Description of the task: All of the lines below should be printed again exactly as they are.

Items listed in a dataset
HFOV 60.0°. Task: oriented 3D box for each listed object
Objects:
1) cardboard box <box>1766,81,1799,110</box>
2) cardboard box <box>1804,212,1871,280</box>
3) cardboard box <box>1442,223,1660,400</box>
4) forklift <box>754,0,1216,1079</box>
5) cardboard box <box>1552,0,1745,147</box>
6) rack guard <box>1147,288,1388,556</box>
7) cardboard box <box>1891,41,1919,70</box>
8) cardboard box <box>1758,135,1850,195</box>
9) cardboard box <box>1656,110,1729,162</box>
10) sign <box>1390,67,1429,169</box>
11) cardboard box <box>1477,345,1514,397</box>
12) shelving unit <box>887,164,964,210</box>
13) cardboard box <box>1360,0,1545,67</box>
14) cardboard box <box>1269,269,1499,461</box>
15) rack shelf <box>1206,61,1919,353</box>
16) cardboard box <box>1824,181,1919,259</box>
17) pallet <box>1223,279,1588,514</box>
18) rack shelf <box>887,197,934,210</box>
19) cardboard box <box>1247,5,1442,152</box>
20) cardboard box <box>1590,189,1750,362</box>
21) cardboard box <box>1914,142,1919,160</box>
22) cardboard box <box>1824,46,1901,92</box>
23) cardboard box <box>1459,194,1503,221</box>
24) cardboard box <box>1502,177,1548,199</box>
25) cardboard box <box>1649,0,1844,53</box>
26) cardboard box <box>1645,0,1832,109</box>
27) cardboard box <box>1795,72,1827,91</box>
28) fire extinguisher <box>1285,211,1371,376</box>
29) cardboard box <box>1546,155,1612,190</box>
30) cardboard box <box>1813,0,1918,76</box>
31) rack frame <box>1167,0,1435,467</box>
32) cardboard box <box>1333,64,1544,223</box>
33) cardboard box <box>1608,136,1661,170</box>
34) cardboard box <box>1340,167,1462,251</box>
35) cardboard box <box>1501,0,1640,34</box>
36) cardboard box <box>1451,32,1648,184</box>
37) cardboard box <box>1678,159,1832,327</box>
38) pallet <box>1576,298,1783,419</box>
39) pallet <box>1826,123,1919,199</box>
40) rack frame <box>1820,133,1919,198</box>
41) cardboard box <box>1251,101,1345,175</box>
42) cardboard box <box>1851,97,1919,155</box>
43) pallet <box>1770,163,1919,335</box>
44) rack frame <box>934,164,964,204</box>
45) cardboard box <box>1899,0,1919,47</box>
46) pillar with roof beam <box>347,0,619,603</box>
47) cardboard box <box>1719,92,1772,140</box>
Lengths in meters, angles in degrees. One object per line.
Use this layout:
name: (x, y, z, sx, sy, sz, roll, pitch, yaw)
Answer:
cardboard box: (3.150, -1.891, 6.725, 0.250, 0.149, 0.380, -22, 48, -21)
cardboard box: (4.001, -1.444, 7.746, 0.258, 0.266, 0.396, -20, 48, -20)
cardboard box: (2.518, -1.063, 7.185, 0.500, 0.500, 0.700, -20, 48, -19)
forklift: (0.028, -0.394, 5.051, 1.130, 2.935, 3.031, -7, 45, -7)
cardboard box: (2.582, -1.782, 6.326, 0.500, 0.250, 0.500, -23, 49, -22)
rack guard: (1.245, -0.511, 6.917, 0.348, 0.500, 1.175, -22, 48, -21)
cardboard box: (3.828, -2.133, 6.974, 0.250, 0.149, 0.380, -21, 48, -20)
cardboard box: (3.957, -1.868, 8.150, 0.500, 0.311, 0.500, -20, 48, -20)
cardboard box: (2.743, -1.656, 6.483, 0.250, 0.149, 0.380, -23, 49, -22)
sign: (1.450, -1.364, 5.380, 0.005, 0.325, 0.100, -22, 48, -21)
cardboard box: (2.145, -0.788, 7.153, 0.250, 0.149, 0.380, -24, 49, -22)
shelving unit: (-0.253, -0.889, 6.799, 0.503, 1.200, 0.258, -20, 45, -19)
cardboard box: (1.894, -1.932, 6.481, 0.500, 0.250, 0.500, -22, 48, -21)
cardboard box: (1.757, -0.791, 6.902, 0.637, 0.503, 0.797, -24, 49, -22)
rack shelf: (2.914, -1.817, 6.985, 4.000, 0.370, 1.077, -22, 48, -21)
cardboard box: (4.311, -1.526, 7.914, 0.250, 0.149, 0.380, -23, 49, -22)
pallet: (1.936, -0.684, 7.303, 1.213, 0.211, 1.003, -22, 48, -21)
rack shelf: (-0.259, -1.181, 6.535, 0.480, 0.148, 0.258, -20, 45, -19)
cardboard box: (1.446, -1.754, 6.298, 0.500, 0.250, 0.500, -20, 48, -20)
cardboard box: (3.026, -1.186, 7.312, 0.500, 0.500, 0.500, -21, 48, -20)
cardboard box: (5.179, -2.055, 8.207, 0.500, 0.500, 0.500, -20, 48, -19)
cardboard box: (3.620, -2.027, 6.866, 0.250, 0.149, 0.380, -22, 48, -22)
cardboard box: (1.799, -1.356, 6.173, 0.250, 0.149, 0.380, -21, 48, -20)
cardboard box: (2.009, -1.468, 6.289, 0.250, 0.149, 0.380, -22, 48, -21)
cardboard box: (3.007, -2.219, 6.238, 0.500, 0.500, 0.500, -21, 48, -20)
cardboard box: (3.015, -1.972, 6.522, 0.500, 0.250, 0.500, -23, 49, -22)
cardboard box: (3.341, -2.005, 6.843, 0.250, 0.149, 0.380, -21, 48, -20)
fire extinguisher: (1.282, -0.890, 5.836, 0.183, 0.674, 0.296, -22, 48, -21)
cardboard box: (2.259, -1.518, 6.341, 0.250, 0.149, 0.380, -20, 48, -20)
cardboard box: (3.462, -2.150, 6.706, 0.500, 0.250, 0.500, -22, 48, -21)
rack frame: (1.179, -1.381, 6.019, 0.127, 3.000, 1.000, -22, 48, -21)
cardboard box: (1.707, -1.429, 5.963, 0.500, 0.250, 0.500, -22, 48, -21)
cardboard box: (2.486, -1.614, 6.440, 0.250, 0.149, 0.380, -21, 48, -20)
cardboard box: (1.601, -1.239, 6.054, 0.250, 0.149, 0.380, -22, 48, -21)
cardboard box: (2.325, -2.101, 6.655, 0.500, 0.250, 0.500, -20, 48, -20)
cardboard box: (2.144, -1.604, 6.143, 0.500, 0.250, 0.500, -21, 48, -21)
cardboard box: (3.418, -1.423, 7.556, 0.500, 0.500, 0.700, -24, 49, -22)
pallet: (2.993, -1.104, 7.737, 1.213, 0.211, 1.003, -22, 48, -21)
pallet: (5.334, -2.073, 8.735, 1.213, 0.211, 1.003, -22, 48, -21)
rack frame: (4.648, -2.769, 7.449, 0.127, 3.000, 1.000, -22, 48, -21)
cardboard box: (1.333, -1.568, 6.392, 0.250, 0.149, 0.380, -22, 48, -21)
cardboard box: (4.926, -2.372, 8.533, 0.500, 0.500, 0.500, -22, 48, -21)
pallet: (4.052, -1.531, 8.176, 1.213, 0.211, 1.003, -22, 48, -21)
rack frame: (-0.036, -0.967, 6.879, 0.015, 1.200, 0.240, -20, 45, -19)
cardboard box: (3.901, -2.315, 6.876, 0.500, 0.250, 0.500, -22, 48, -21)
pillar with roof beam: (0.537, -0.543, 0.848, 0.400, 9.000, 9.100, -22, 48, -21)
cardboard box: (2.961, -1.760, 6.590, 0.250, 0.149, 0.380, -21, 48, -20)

Task output:
HFOV 60.0°. Task: oriented 3D box for each listed object
Objects:
1) cardboard box <box>1766,81,1799,110</box>
2) cardboard box <box>1804,212,1871,280</box>
3) cardboard box <box>1442,223,1660,400</box>
4) forklift <box>754,0,1216,1079</box>
5) cardboard box <box>1552,0,1745,147</box>
6) rack guard <box>1147,288,1388,556</box>
7) cardboard box <box>1891,41,1919,70</box>
8) cardboard box <box>1758,135,1850,195</box>
9) cardboard box <box>1656,110,1729,162</box>
10) sign <box>1390,67,1429,169</box>
11) cardboard box <box>1477,345,1514,397</box>
12) shelving unit <box>887,164,964,210</box>
13) cardboard box <box>1360,0,1545,67</box>
14) cardboard box <box>1269,269,1499,461</box>
15) rack shelf <box>1206,61,1919,353</box>
16) cardboard box <box>1824,181,1919,259</box>
17) pallet <box>1223,279,1588,514</box>
18) rack shelf <box>887,197,934,210</box>
19) cardboard box <box>1247,5,1442,152</box>
20) cardboard box <box>1590,189,1750,362</box>
21) cardboard box <box>1914,142,1919,160</box>
22) cardboard box <box>1824,46,1901,92</box>
23) cardboard box <box>1459,194,1503,221</box>
24) cardboard box <box>1502,177,1548,199</box>
25) cardboard box <box>1649,0,1844,53</box>
26) cardboard box <box>1645,0,1832,109</box>
27) cardboard box <box>1795,72,1827,91</box>
28) fire extinguisher <box>1285,211,1371,376</box>
29) cardboard box <box>1546,155,1612,190</box>
30) cardboard box <box>1813,0,1918,76</box>
31) rack frame <box>1167,0,1435,467</box>
32) cardboard box <box>1333,64,1544,223</box>
33) cardboard box <box>1608,136,1661,170</box>
34) cardboard box <box>1340,167,1462,251</box>
35) cardboard box <box>1501,0,1640,34</box>
36) cardboard box <box>1451,32,1648,184</box>
37) cardboard box <box>1678,159,1832,327</box>
38) pallet <box>1576,298,1783,419</box>
39) pallet <box>1826,123,1919,199</box>
40) rack frame <box>1820,133,1919,198</box>
41) cardboard box <box>1251,101,1345,175</box>
42) cardboard box <box>1851,97,1919,155</box>
43) pallet <box>1770,163,1919,335</box>
44) rack frame <box>934,164,964,204</box>
45) cardboard box <box>1899,0,1919,47</box>
46) pillar with roof beam <box>347,0,619,603</box>
47) cardboard box <box>1719,92,1772,140</box>
Lengths in meters, angles in degrees. One object per line.
Use this layout:
name: (x, y, z, sx, sy, sz, roll, pitch, yaw)
Answer:
cardboard box: (3.150, -1.891, 6.725, 0.250, 0.149, 0.380, -22, 48, -21)
cardboard box: (4.001, -1.444, 7.746, 0.258, 0.266, 0.396, -20, 48, -20)
cardboard box: (2.518, -1.063, 7.185, 0.500, 0.500, 0.700, -20, 48, -19)
forklift: (0.028, -0.394, 5.051, 1.130, 2.935, 3.031, -7, 45, -7)
cardboard box: (2.582, -1.782, 6.326, 0.500, 0.250, 0.500, -23, 49, -22)
rack guard: (1.245, -0.511, 6.917, 0.348, 0.500, 1.175, -22, 48, -21)
cardboard box: (3.828, -2.133, 6.974, 0.250, 0.149, 0.380, -21, 48, -20)
cardboard box: (3.957, -1.868, 8.150, 0.500, 0.311, 0.500, -20, 48, -20)
cardboard box: (2.743, -1.656, 6.483, 0.250, 0.149, 0.380, -23, 49, -22)
sign: (1.450, -1.364, 5.380, 0.005, 0.325, 0.100, -22, 48, -21)
cardboard box: (2.145, -0.788, 7.153, 0.250, 0.149, 0.380, -24, 49, -22)
shelving unit: (-0.253, -0.889, 6.799, 0.503, 1.200, 0.258, -20, 45, -19)
cardboard box: (1.894, -1.932, 6.481, 0.500, 0.250, 0.500, -22, 48, -21)
cardboard box: (1.757, -0.791, 6.902, 0.637, 0.503, 0.797, -24, 49, -22)
rack shelf: (2.914, -1.817, 6.985, 4.000, 0.370, 1.077, -22, 48, -21)
cardboard box: (4.311, -1.526, 7.914, 0.250, 0.149, 0.380, -23, 49, -22)
pallet: (1.936, -0.684, 7.303, 1.213, 0.211, 1.003, -22, 48, -21)
rack shelf: (-0.259, -1.181, 6.535, 0.480, 0.148, 0.258, -20, 45, -19)
cardboard box: (1.446, -1.754, 6.298, 0.500, 0.250, 0.500, -20, 48, -20)
cardboard box: (3.026, -1.186, 7.312, 0.500, 0.500, 0.500, -21, 48, -20)
cardboard box: (5.179, -2.055, 8.207, 0.500, 0.500, 0.500, -20, 48, -19)
cardboard box: (3.620, -2.027, 6.866, 0.250, 0.149, 0.380, -22, 48, -22)
cardboard box: (1.799, -1.356, 6.173, 0.250, 0.149, 0.380, -21, 48, -20)
cardboard box: (2.009, -1.468, 6.289, 0.250, 0.149, 0.380, -22, 48, -21)
cardboard box: (3.007, -2.219, 6.238, 0.500, 0.500, 0.500, -21, 48, -20)
cardboard box: (3.015, -1.972, 6.522, 0.500, 0.250, 0.500, -23, 49, -22)
cardboard box: (3.341, -2.005, 6.843, 0.250, 0.149, 0.380, -21, 48, -20)
fire extinguisher: (1.282, -0.890, 5.836, 0.183, 0.674, 0.296, -22, 48, -21)
cardboard box: (2.259, -1.518, 6.341, 0.250, 0.149, 0.380, -20, 48, -20)
cardboard box: (3.462, -2.150, 6.706, 0.500, 0.250, 0.500, -22, 48, -21)
rack frame: (1.179, -1.381, 6.019, 0.127, 3.000, 1.000, -22, 48, -21)
cardboard box: (1.707, -1.429, 5.963, 0.500, 0.250, 0.500, -22, 48, -21)
cardboard box: (2.486, -1.614, 6.440, 0.250, 0.149, 0.380, -21, 48, -20)
cardboard box: (1.601, -1.239, 6.054, 0.250, 0.149, 0.380, -22, 48, -21)
cardboard box: (2.325, -2.101, 6.655, 0.500, 0.250, 0.500, -20, 48, -20)
cardboard box: (2.144, -1.604, 6.143, 0.500, 0.250, 0.500, -21, 48, -21)
cardboard box: (3.418, -1.423, 7.556, 0.500, 0.500, 0.700, -24, 49, -22)
pallet: (2.993, -1.104, 7.737, 1.213, 0.211, 1.003, -22, 48, -21)
pallet: (5.334, -2.073, 8.735, 1.213, 0.211, 1.003, -22, 48, -21)
rack frame: (4.648, -2.769, 7.449, 0.127, 3.000, 1.000, -22, 48, -21)
cardboard box: (1.333, -1.568, 6.392, 0.250, 0.149, 0.380, -22, 48, -21)
cardboard box: (4.926, -2.372, 8.533, 0.500, 0.500, 0.500, -22, 48, -21)
pallet: (4.052, -1.531, 8.176, 1.213, 0.211, 1.003, -22, 48, -21)
rack frame: (-0.036, -0.967, 6.879, 0.015, 1.200, 0.240, -20, 45, -19)
cardboard box: (3.901, -2.315, 6.876, 0.500, 0.250, 0.500, -22, 48, -21)
pillar with roof beam: (0.537, -0.543, 0.848, 0.400, 9.000, 9.100, -22, 48, -21)
cardboard box: (2.961, -1.760, 6.590, 0.250, 0.149, 0.380, -21, 48, -20)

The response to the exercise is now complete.